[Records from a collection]
· · · ·
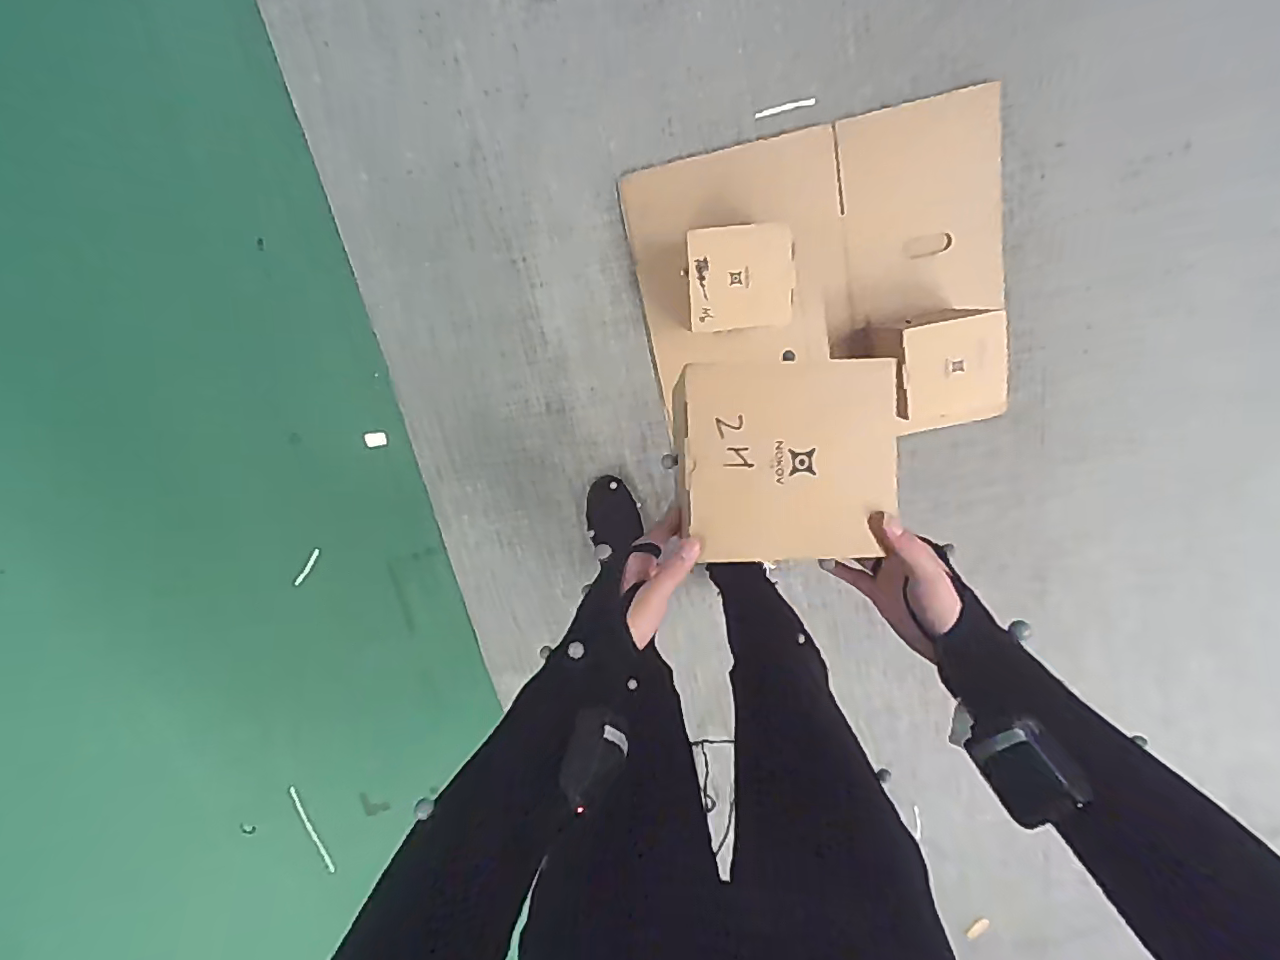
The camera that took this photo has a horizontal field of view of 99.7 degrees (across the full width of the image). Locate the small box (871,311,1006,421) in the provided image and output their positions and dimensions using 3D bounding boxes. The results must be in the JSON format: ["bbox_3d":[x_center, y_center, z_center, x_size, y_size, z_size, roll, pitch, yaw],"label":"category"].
[{"bbox_3d":[0.551,-0.218,1.019,0.179,0.176,0.168,-10,107,5],"label":"small box"}]

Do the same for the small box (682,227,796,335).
[{"bbox_3d":[0.172,-0.356,0.980,0.179,0.176,0.168,-3,107,2],"label":"small box"}]

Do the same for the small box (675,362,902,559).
[{"bbox_3d":[0.129,-0.020,0.527,0.179,0.176,0.168,-1,92,0],"label":"small box"}]
· · · ·
Exactly as they stand, retype all the entries, but omit the pictures.

--- TASK RESULT ---
The camera that took this photo has a horizontal field of view of 99.7 degrees (across the full width of the image). Locate the small box (871,311,1006,421) in the provided image and output their positions and dimensions using 3D bounding boxes. The results must be in the JSON format: ["bbox_3d":[x_center, y_center, z_center, x_size, y_size, z_size, roll, pitch, yaw],"label":"category"].
[{"bbox_3d":[0.551,-0.218,1.019,0.179,0.176,0.168,-10,107,5],"label":"small box"}]

Do the same for the small box (682,227,796,335).
[{"bbox_3d":[0.172,-0.356,0.980,0.179,0.176,0.168,-3,107,2],"label":"small box"}]

Do the same for the small box (675,362,902,559).
[{"bbox_3d":[0.129,-0.020,0.527,0.179,0.176,0.168,-1,92,0],"label":"small box"}]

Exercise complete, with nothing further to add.